In [1]:
import torch
from datasets import load_dataset, concatenate_datasets, DatasetDict, ClassLabel
from transformers import AutoTokenizer, Trainer, TrainingArguments, AutoModelForSequenceClassification, BertForSequenceClassification, DataCollatorWithPadding

import math
import numpy as np
import matplotlib.pyplot as plt
import evaluate
import pandas as pd
import scipy


# hyperparameters from https://github.com/clinc/oos-eval/blob/master/hyperparameters.csv
learning_rate = 4.00e-05
warmup_proportion = 0.1
train_batch_size = 32
eval_batch_size = 32
num_train_epochs = 5
gradient_accumulation_steps = 1

huggingface_modelname = "bert-large-uncased"


language = 'en'
data_path = f'data/mtod/csv/{language}/'


dataset = load_dataset(data_path)
dataset = dataset.class_encode_column('labels')
# dataset = load_dataset("mtod", data_files=data_file_names)
dataset_full = concatenate_datasets([dataset["train"], dataset["test"], dataset["validation"]]).shuffle(seed=42)
train_size, cal_size, test_size = .6, .2, .2
train_test_set = dataset_full.train_test_split(train_size=train_size, stratify_by_column='labels', seed=42)
test_val_set = train_test_set["test"].train_test_split(train_size=test_size/(cal_size+test_size), stratify_by_column='labels', seed=42)
dataset = DatasetDict({
    'train': train_test_set['train'],
    'test': test_val_set['train'],
    'validation': test_val_set['test']
})

In [2]:

id2label = {i: name for i, name in enumerate(dataset["train"].features["labels"].names)}
label2id = {name: i for i, name in id2label.items()}

In [3]:
torch.mps.current_allocated_memory()

0

In [4]:
tokenizer = AutoTokenizer.from_pretrained(huggingface_modelname)

def tokenize_function(examples):
    return tokenizer(examples["utterance"], truncation=True)

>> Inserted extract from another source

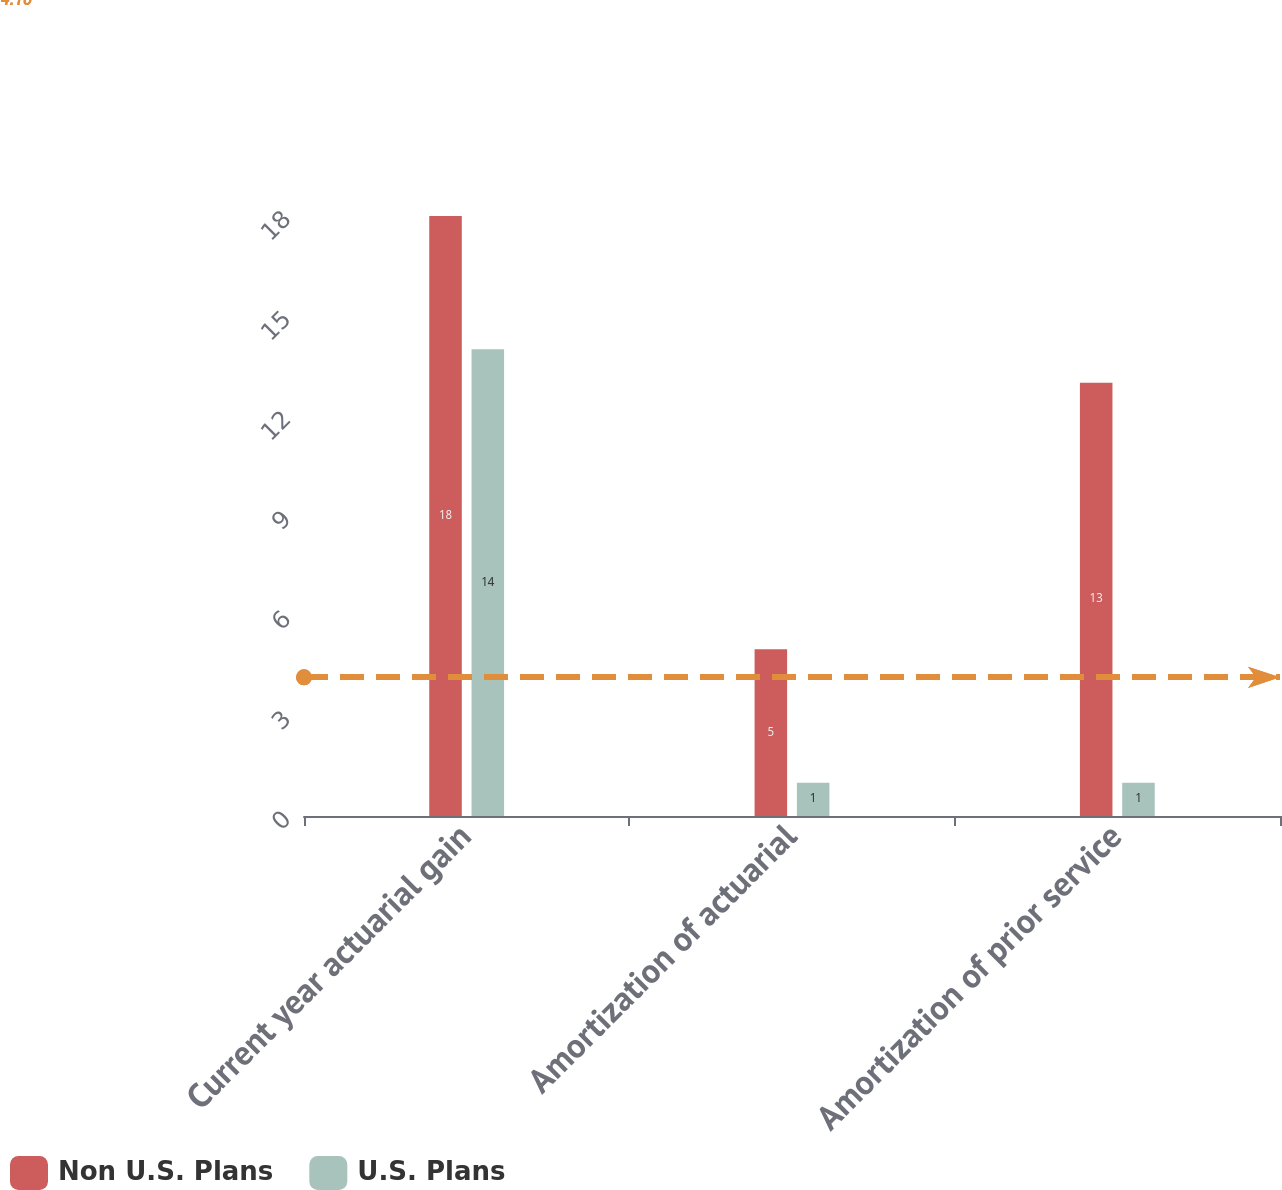<chart> <loc_0><loc_0><loc_500><loc_500><stacked_bar_chart><ecel><fcel>Current year actuarial gain<fcel>Amortization of actuarial<fcel>Amortization of prior service<nl><fcel>Non U.S. Plans<fcel>18<fcel>5<fcel>13<nl><fcel>U.S. Plans<fcel>14<fcel>1<fcel>1<nl></chart>

tokenized_datasets = dataset.map(tokenize_function, batched=True)
data_collator = DataCollatorWithPadding(tokenizer=tokenizer)

# assert dataset["train"].features["labels"].names == dataset["test"].features["labels"].names 

Map:   0%|          | 0/25993 [00:00<?, ? examples/s]

Map:   0%|          | 0/8665 [00:00<?, ? examples/s]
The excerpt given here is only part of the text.